Employment agencies based in Uganda and abroad, both legal and fraudulent, recruit Ugandans to work in the Middle East—particularly Saudi Arabia, Qatar, Jordan, the UAE, and Oman—where, at times, traffickers exploit them in forced labor in domestic work, hospitality, or construction; Ugandans who voluntarily migrate in search of employment opportunities are also vulnerable to exploitative conditions. In one research study, an NGO estimates 89 percent of Ugandans working in the Middle East experience conditions indicative of forced labor, including non-payment of wages, physical abuse, passport confiscation, and excessive working hours. To circumvent the 2016 government ban on migrant worker travel to Oman, some licensed and unlicensed agencies send Ugandans through Kenya and Tanzania, increasing their vulnerability to debt bondage due to higher recruitment and travel fees. Traffickers also exploit Ugandans in forced labor and sex trafficking in neighboring African countries, Asia, and North America. During the pandemic, many Ugandans abroad experienced loss of employment, leaving them trapped in the country due to pandemic-related travel restrictions, border closures, and economic scarcity; unable to find new work or a safe way home, these individuals are increasingly vulnerable to trafficking. Traffickers are increasingly targeting university graduates with the promise of high-paying, skilled jobs abroad; however, upon arrival in the destination country, traffickers exploit these individuals in domestic servitude. Kenyan business owners and employers exploit Ugandan girls, particularly from the Karamoja region, in sex trafficking and forced labor in Nairobi’s Eastleigh neighborhood. Criminals involved in terrorist networks may lure and recruit Ugandan adults and children to Somalia via Kenya to join non-state armed groups, primarily al-Shabaab, sometimes with fraudulent promises of lucrative employment.

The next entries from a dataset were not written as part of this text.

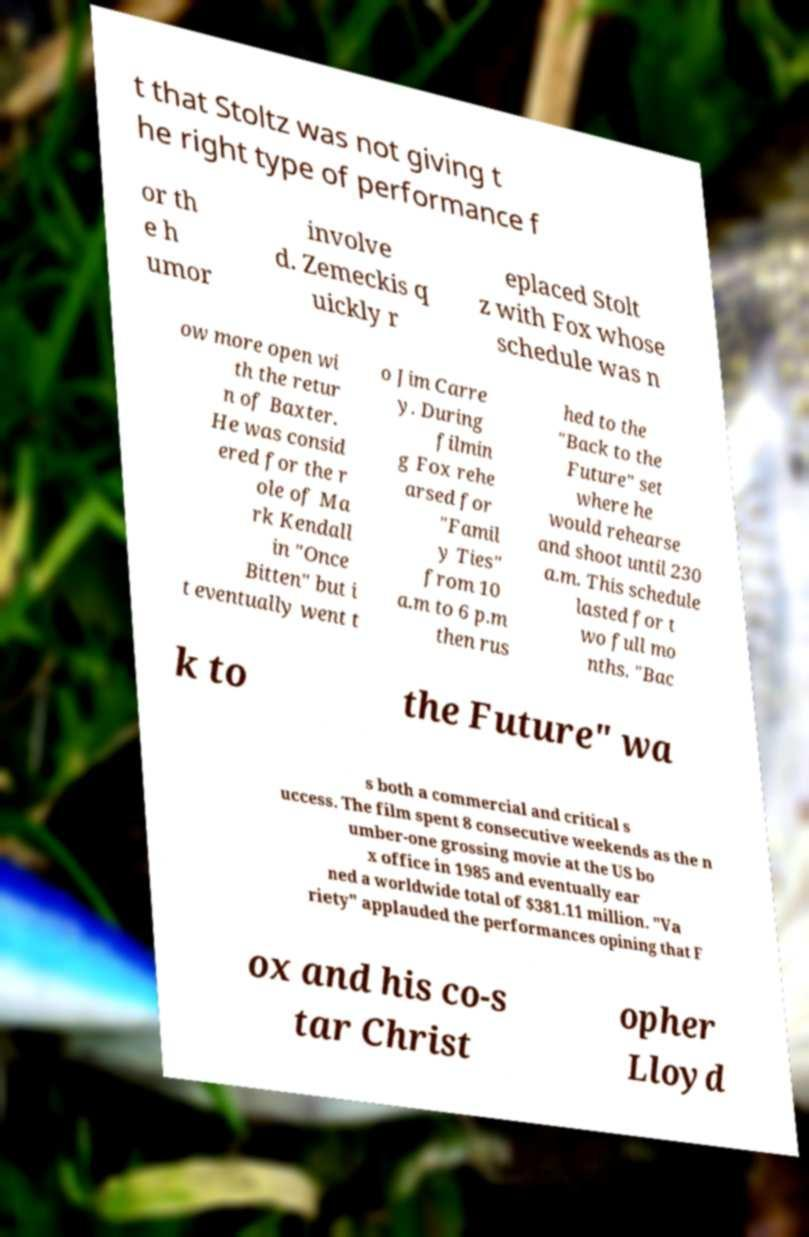For documentation purposes, I need the text within this image transcribed. Could you provide that? t that Stoltz was not giving t he right type of performance f or th e h umor involve d. Zemeckis q uickly r eplaced Stolt z with Fox whose schedule was n ow more open wi th the retur n of Baxter. He was consid ered for the r ole of Ma rk Kendall in "Once Bitten" but i t eventually went t o Jim Carre y. During filmin g Fox rehe arsed for "Famil y Ties" from 10 a.m to 6 p.m then rus hed to the "Back to the Future" set where he would rehearse and shoot until 230 a.m. This schedule lasted for t wo full mo nths. "Bac k to the Future" wa s both a commercial and critical s uccess. The film spent 8 consecutive weekends as the n umber-one grossing movie at the US bo x office in 1985 and eventually ear ned a worldwide total of $381.11 million. "Va riety" applauded the performances opining that F ox and his co-s tar Christ opher Lloyd 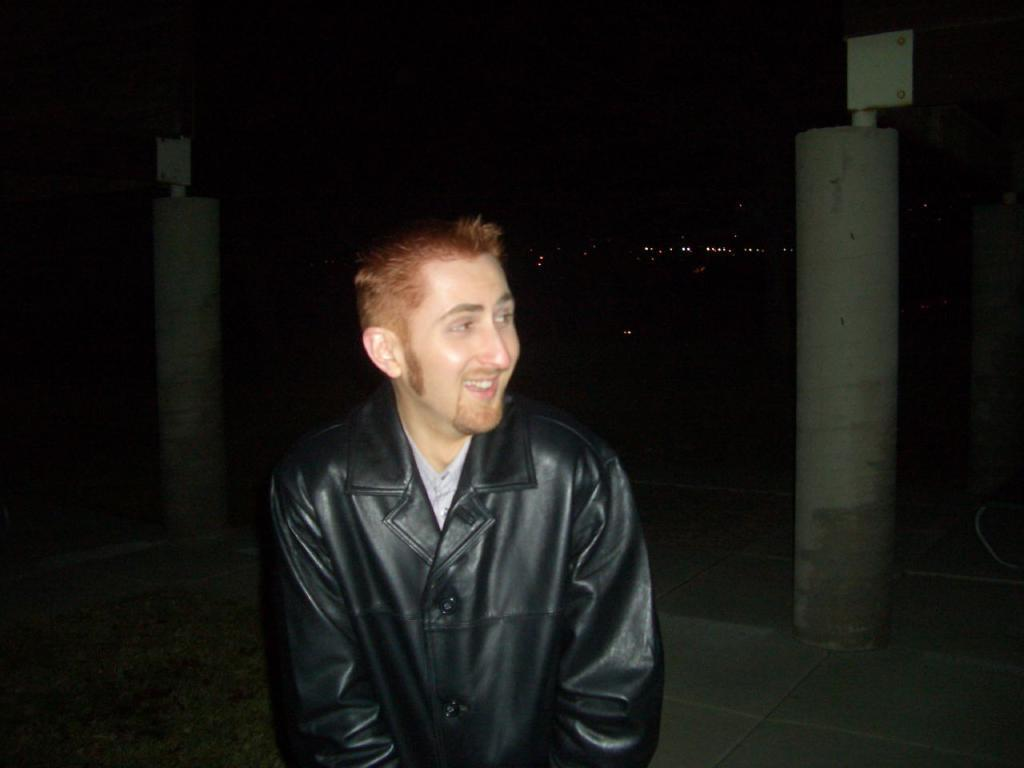Who is present in the image? There is a man in the image. What is the man's facial expression? The man is smiling. What can be seen in the background of the image? There are pillars in the background of the image. How would you describe the lighting in the image? The background of the image is dark. What type of mitten is the man wearing in the image? There is no mitten present in the image; the man is not wearing any gloves or mittens. How many clouds can be seen in the image? There are no clouds visible in the image, as the background is dark and does not show any sky or clouds. 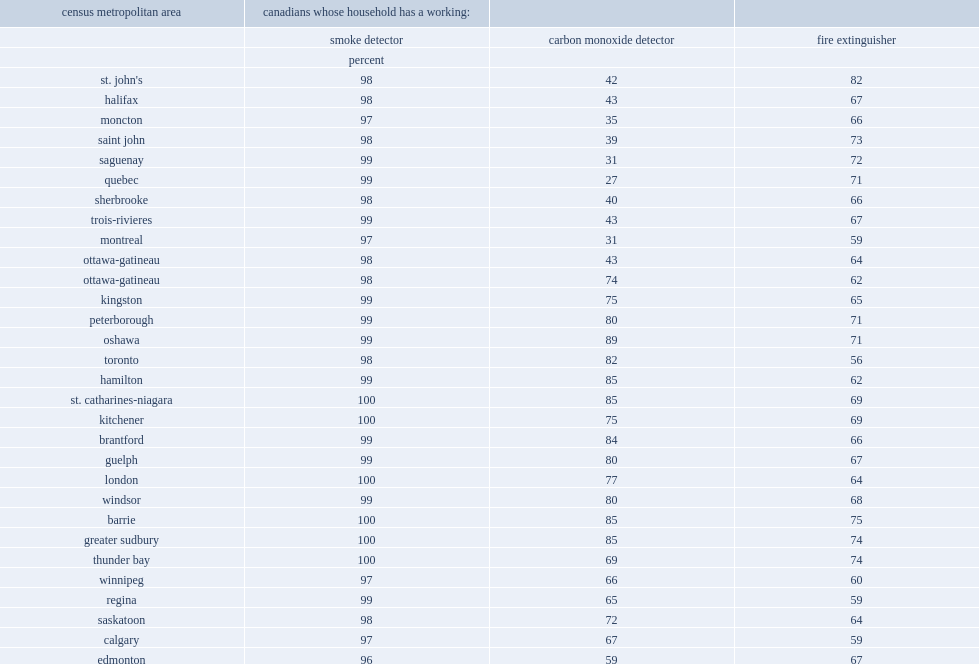Parse the table in full. {'header': ['census metropolitan area', 'canadians whose household has a working:', '', ''], 'rows': [['', 'smoke detector', 'carbon monoxide detector', 'fire extinguisher'], ['', 'percent', '', ''], ["st. john's", '98', '42', '82'], ['halifax', '98', '43', '67'], ['moncton', '97', '35', '66'], ['saint john', '98', '39', '73'], ['saguenay', '99', '31', '72'], ['quebec', '99', '27', '71'], ['sherbrooke', '98', '40', '66'], ['trois-rivieres', '99', '43', '67'], ['montreal', '97', '31', '59'], ['ottawa-gatineau', '98', '43', '64'], ['ottawa-gatineau', '98', '74', '62'], ['kingston', '99', '75', '65'], ['peterborough', '99', '80', '71'], ['oshawa', '99', '89', '71'], ['toronto', '98', '82', '56'], ['hamilton', '99', '85', '62'], ['st. catharines-niagara', '100', '85', '69'], ['kitchener', '100', '75', '69'], ['brantford', '99', '84', '66'], ['guelph', '99', '80', '67'], ['london', '100', '77', '64'], ['windsor', '99', '80', '68'], ['barrie', '100', '85', '75'], ['greater sudbury', '100', '85', '74'], ['thunder bay', '100', '69', '74'], ['winnipeg', '97', '66', '60'], ['regina', '99', '65', '59'], ['saskatoon', '98', '72', '64'], ['calgary', '97', '67', '59'], ['edmonton', '96', '59', '67'], ['kelowna', '98', '65', '74'], ['abbotsford-mission', '99', '54', '64'], ['vancouver', '94', '51', '64'], ['victoria', '98', '47', '74'], ['canada', '98', '60', '66']]} Looking at canada's census metropolitan areas (cma), what is the percentage of carbon monoxide detectors were found most frequently among individuals living in oshawa in 2014? 89.0. In contrast, individuals from the quebec cmas of quebec had the lowest proportions of carbon monoxide detectors, what is the percentage of it? 27.0. In contrast, individuals from the quebec cmas of saguenay had the lowest proportions of carbon monoxide detectors, what is the percentage of it? 31.0. In contrast, individuals from the quebec cmas of montreal had the lowest proportions of carbon monoxide detectors, what is the percentage of it? 31.0. What is the percentage of individuals in st. john's reported the highest proportion of fire extinguishers in 2014? 82.0. What is the percentage of individuals in barrie reported the highest proportion of fire extinguishers in 2014? 75.0. 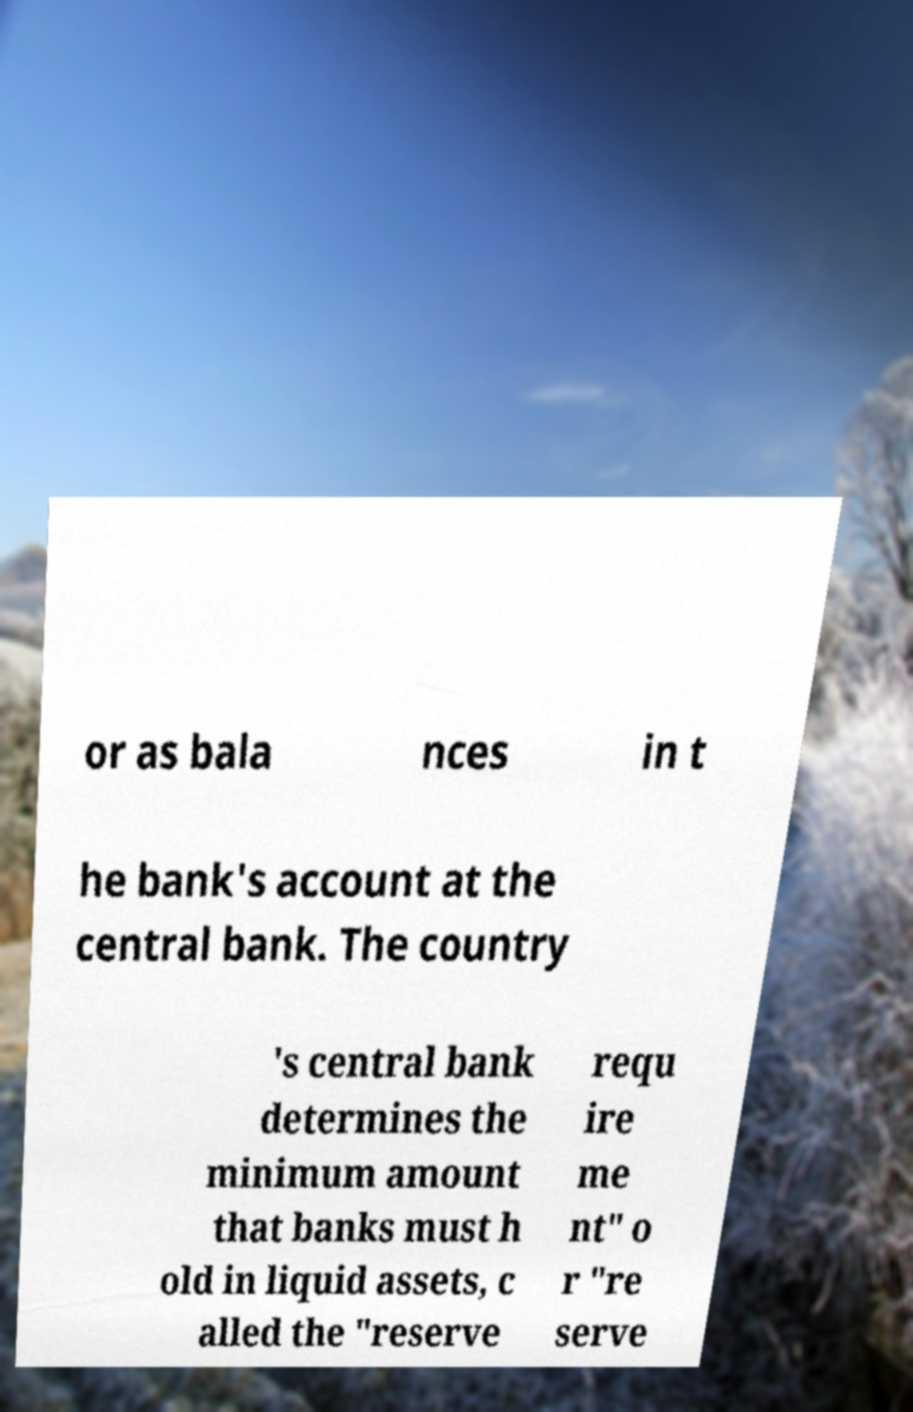Please read and relay the text visible in this image. What does it say? or as bala nces in t he bank's account at the central bank. The country 's central bank determines the minimum amount that banks must h old in liquid assets, c alled the "reserve requ ire me nt" o r "re serve

Uganda hosts more than 1.6 million refugees, primarily from South Sudan, the Democratic Republic of the Congo, and Burundi. Observers report traffickers increasingly exploit refugees, both in village settlements and urban areas, in forced labor and sex trafficking. Uganda continues to serve as a transit point for migrants seeking work in the Middle East; traffickers exploit this transiting population in forced labor and sex trafficking. Increasingly, traffickers pose as recruitment agencies to facilitate the placement of former trafficking victims, primarily from Burundi, by falsely advertising employment in Middle East; instead, traffickers often exploit these women in Uganda before transporting them to Kenya for further exploitation. Traffickers exploit children from neighboring East African countries, including Kenya, Rwanda, and Tanzania, in forced labor, primarily in agriculture and domestic work, and sex trafficking in Uganda. Cuban medical professionals working in Uganda may have been forced to work by the Cuban government.